During this period, Fred was driving an ice cream truck.
That's horrific and disturbing.
Isn't that the worst thing you've ever heard for the Walls company?
And spent many of his nights off at the pub, just drinking and bragging and lying about
what he was doing, saying he was connected to organized crime.
Like, no.
In 1964, Rena became pregnant again and eventually gave birth to a second daughter they named
Anne Marie.
Unlike his relationship or lack thereof with Charmaine, Fred really doted on Anna and would
like fuss over her. And he would just completely neglect and ignore Charmaine, Fred really doted on Anna and would like fuss over her.
Yeah.
And he would just completely neglect and ignore Charmaine.
Well, and I'm sure it was almost a way for him to mess with Charmaine.
To punish Charmaine.
To punish her, exactly.
And of course they needed like a bigger place to live at this point because they're expanding
their family.
So Fred and Rena moved to a larger apartment and this one had a large garden.
And while the other neighbors would kind of plant small gardens or grow some vegetables
here and there, he kept his plot just raked over.
And he would tell Nick, because neighbors would be like, what you doing over there?
Like why don't you have like an actual garden?
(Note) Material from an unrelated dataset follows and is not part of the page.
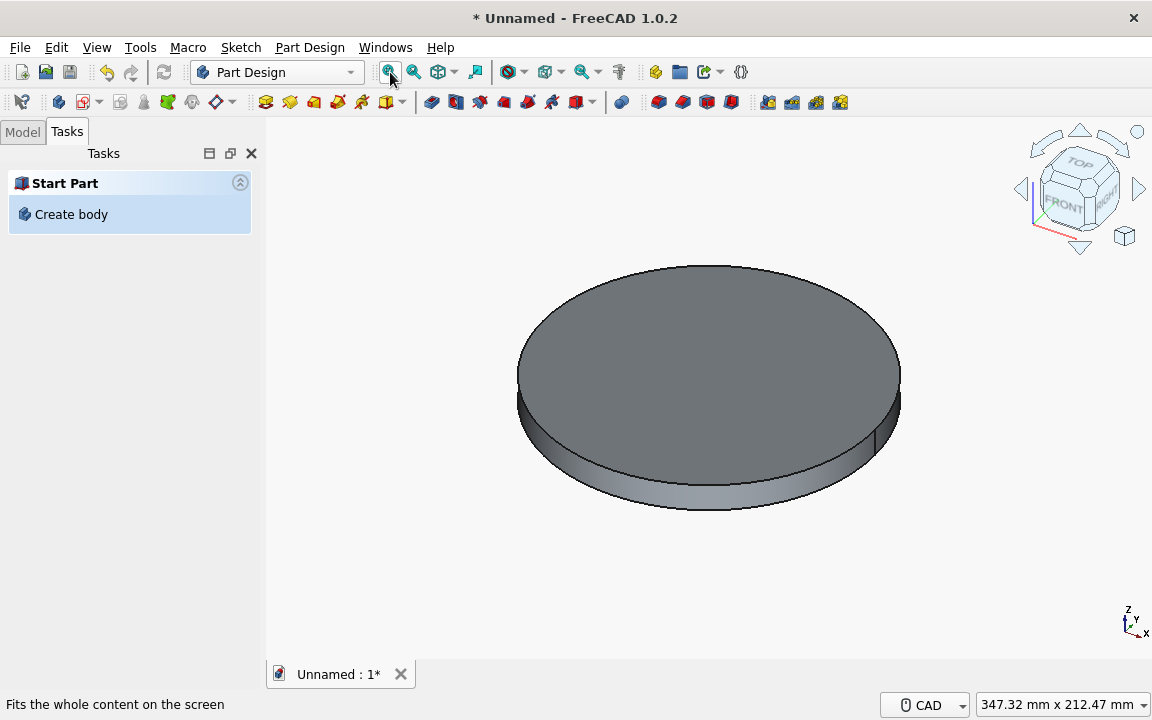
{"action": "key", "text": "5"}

And he said, I'm keeping it for something special.
Oh, I hate that.
Because I don't know what his definition of special is, and I don't know that I want to
know.
After a while, he would spend nights out in the garden and would take girls he picked
up on his route there to have sex.
Oh.
Yeah.
And what's really frustrating is that this particular area eventually got demolished
to make a way for a highway system. So it's
kind of impossible to dig up. And that means it's unknown whether some of Fred's victims
could be buried in this particular garden.
I feel like it's pretty known.
Yeah. Now, as they entered 1965, it seemed that there was really no hope that this relationship
was going to get any better. It was just getting worse.
And it turned out that they were kind of bound to get worse
and worse as we go.
At one point during the first half of the year,
Fred was driving his ice cream van in the Glasgow suburbs
and he accidentally hit a small boy
and left him dying in the road.
And a crowd had gathered and Fred was brought into the local police station where he was
interviewed and was released after investigators determined that it really was a tragic accident.
And the child had been excited seeing the ice cream truck and had ran in front of the
truck.
Oh, that's so sad.
But who really knows if that's the case?
Exactly.
And after what we know now.
What we know now and you accidentally get into collisions with two people.
Yeah.
I don't know.
What are the odds of that?
Yeah.
But despite having been cleared of any wrongdoing, the neighborhood definitely turned on Fred.
He was pretty much shunned by everyone.
So he couldn't make any money locally.
So he decided it was time to return to England where they could be closer to Fred's family.
Now the couple's relationship continued to get worse and worse and worse.
And by 1965, Fred was carrying on affairs with several women, not trying to hide anything
from Rena.
He was just doing it right out in the open.
And by that time, Fred was barely home anyways.
And when he was, he was just an abusive piece of shit.
It was probably preferable that he wasn't home.
So Rena was responsible for raising two small children on her own, which would be hard for
anyone.
And working, supporting the family because he's not working.
And sometimes when she, I mean, she rarely got time by herself, but when she did, she
would go to one of the local cafes and that's where she met Issa McNeil, who was a young woman with whom she'd been
kind of like casually friendly.
Now Issa had recently lost her job at a clothing factory
and was kind of desperate for more work.
So Rena was like, why don't you come on as a nanny
and you can help me with Charmaine and Anna
in exchange for a room and board.
Oh God. And she was like, sure.
It didn't take long for McNeil to begin to notice
the strange and very tense dynamic that was in the West House.
That would be terrifying to walk into that.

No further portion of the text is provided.